■ **The task**:
The answer is the data below, repeated exactly, with no pictures included.
═══ Given records
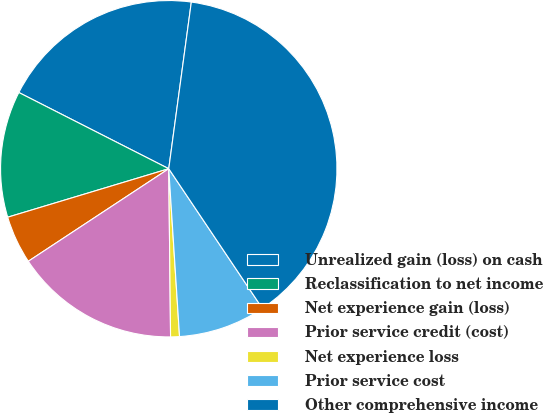Convert chart. <chart><loc_0><loc_0><loc_500><loc_500><pie_chart><fcel>Unrealized gain (loss) on cash<fcel>Reclassification to net income<fcel>Net experience gain (loss)<fcel>Prior service credit (cost)<fcel>Net experience loss<fcel>Prior service cost<fcel>Other comprehensive income<nl><fcel>19.66%<fcel>12.14%<fcel>4.62%<fcel>15.9%<fcel>0.85%<fcel>8.38%<fcel>38.46%<nl></chart> 
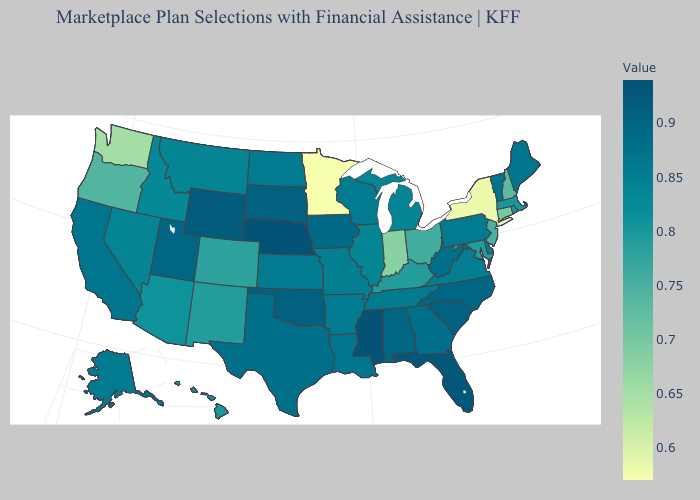Does the map have missing data?
Short answer required. No. Does Illinois have the highest value in the MidWest?
Give a very brief answer. No. Does Montana have a lower value than Nebraska?
Be succinct. Yes. Which states have the lowest value in the Northeast?
Give a very brief answer. New York. Does the map have missing data?
Concise answer only. No. 
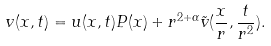Convert formula to latex. <formula><loc_0><loc_0><loc_500><loc_500>v ( x , t ) = u ( x , t ) P ( x ) + r ^ { 2 + \alpha } \tilde { v } ( \frac { x } { r } , \frac { t } { r ^ { 2 } } ) .</formula> 
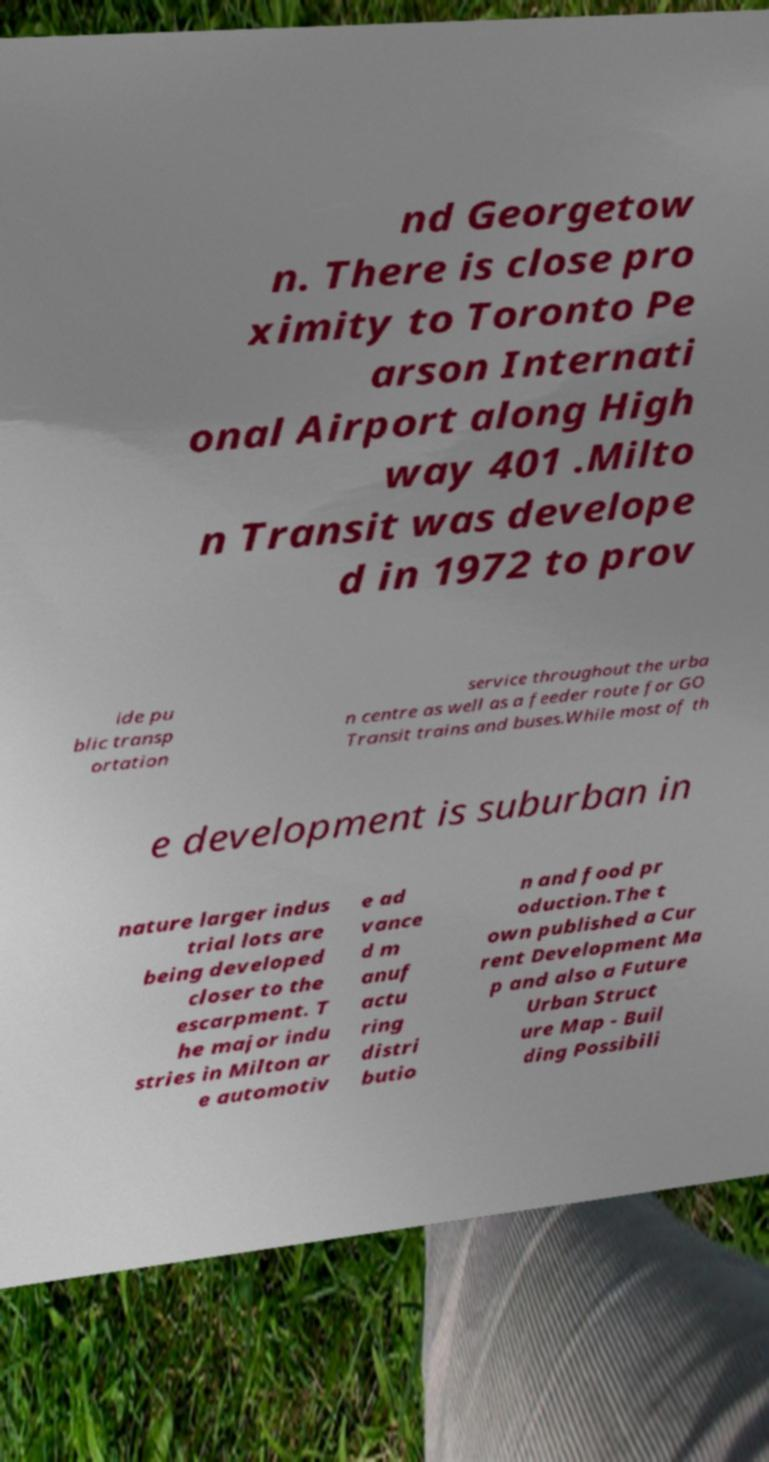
══════
■ **Solution to the problem**:
Convert chart. <chart><loc_0><loc_0><loc_500><loc_500><pie_chart><fcel>Unrealized gain (loss) on cash<fcel>Reclassification to net income<fcel>Net experience gain (loss)<fcel>Prior service credit (cost)<fcel>Net experience loss<fcel>Prior service cost<fcel>Other comprehensive income<nl><fcel>19.66%<fcel>12.14%<fcel>4.62%<fcel>15.9%<fcel>0.85%<fcel>8.38%<fcel>38.46%<nl></chart> 
Does the map have missing data?
Short answer required. No. Does Illinois have the highest value in the MidWest?
Give a very brief answer. No. Does Montana have a lower value than Nebraska?
Be succinct. Yes. Which states have the lowest value in the Northeast?
Give a very brief answer. New York. Does the map have missing data?
Concise answer only. No. 
Convert formula to latex. <formula><loc_0><loc_0><loc_500><loc_500>v ( x , t ) = u ( x , t ) P ( x ) + r ^ { 2 + \alpha } \tilde { v } ( \frac { x } { r } , \frac { t } { r ^ { 2 } } ) .</formula> 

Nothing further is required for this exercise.